* Exercise:
Your answer should repeat the entries in full, exactly as given, with no pictures.

[Stored items]
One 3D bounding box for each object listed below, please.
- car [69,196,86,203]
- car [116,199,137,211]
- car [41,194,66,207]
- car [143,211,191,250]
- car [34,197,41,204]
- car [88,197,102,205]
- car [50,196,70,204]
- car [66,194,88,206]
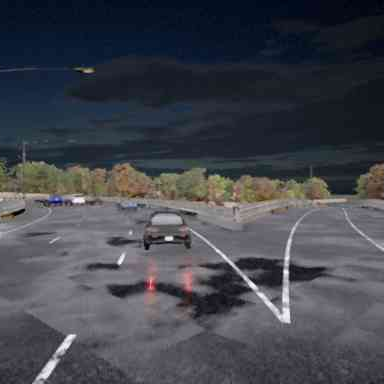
[{"bbox_3d":[-23.734,1.528,68.841,1.994,1.385,4.181,0,0,-40],"label":"car"},{"bbox_3d":[-8.120,1.601,41.254,2.033,1.411,5.357,0,0,-22],"label":"car"},{"bbox_3d":[-23.470,1.362,56.221,2.150,2.045,5.566,0,0,-34],"label":"car"},{"bbox_3d":[-1.137,1.540,14.437,1.812,1.442,4.674,0,0,-7],"label":"car"},{"bbox_3d":[-28.815,1.581,63.971,1.895,1.301,4.718,0,0,-40],"label":"car"},{"bbox_3d":[-17.893,1.615,60.480,1.837,1.490,4.892,0,0,-34],"label":"car"},{"bbox_3d":[-26.521,1.531,66.723,2.033,1.411,5.357,0,0,-40],"label":"car"},{"bbox_3d":[-20.396,1.345,57.931,2.150,2.045,5.566,0,0,-34],"label":"car"}]

* Response area:
One 3D bounding box for each object listed below, please.
- car [69,196,86,203]
- car [116,199,137,211]
- car [41,194,66,207]
- car [143,211,191,250]
- car [34,197,41,204]
- car [88,197,102,205]
- car [50,196,70,204]
- car [66,194,88,206]
[{"bbox_3d":[-23.734,1.528,68.841,1.994,1.385,4.181,0,0,-40],"label":"car"},{"bbox_3d":[-8.120,1.601,41.254,2.033,1.411,5.357,0,0,-22],"label":"car"},{"bbox_3d":[-23.470,1.362,56.221,2.150,2.045,5.566,0,0,-34],"label":"car"},{"bbox_3d":[-1.137,1.540,14.437,1.812,1.442,4.674,0,0,-7],"label":"car"},{"bbox_3d":[-28.815,1.581,63.971,1.895,1.301,4.718,0,0,-40],"label":"car"},{"bbox_3d":[-17.893,1.615,60.480,1.837,1.490,4.892,0,0,-34],"label":"car"},{"bbox_3d":[-26.521,1.531,66.723,2.033,1.411,5.357,0,0,-40],"label":"car"},{"bbox_3d":[-20.396,1.345,57.931,2.150,2.045,5.566,0,0,-34],"label":"car"}]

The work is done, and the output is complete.